(SUPPLIED INFORMATION)
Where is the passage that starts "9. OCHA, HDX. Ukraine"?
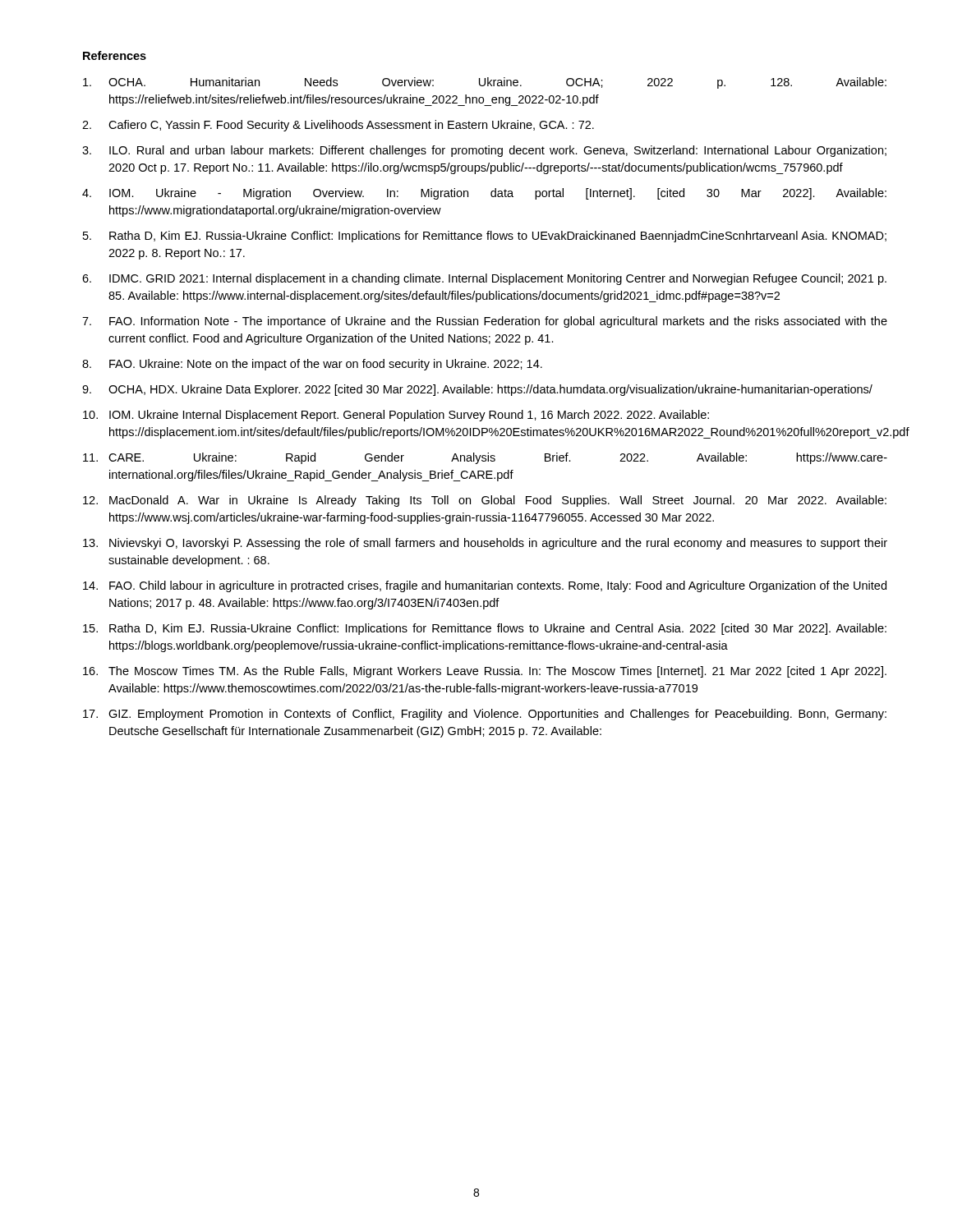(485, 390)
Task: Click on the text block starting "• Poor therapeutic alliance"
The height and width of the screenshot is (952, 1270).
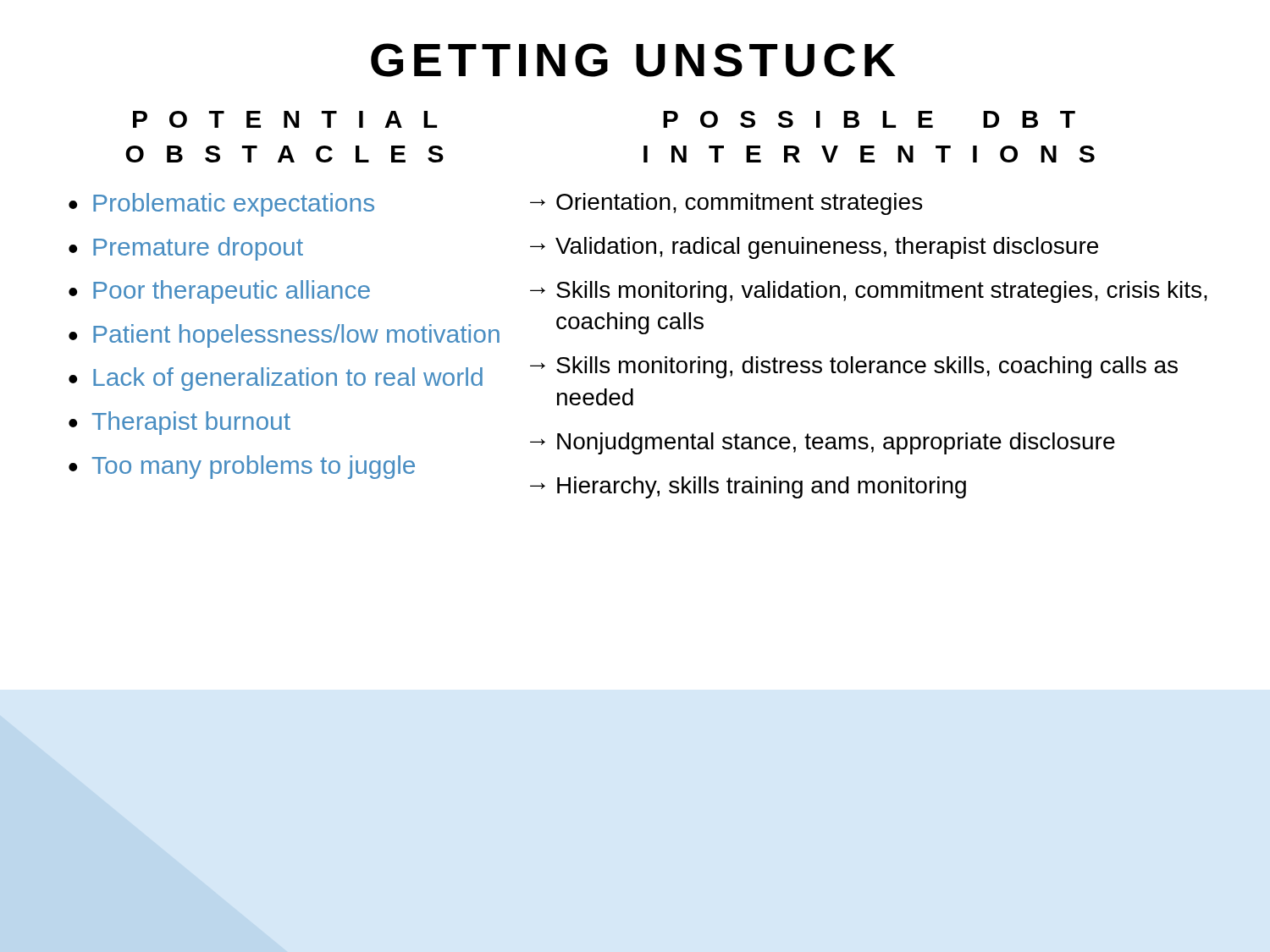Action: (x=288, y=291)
(End SUPPLIED INFORMATION)
Reproduce the lines from the one holding "Task: Click on" through the end of the entries above exactly, keeping both ends and dropping every picture.

*EXPECTED OUTPUT*
Task: Click on the text block starting "• Poor therapeutic alliance"
The height and width of the screenshot is (952, 1270).
Action: (x=288, y=291)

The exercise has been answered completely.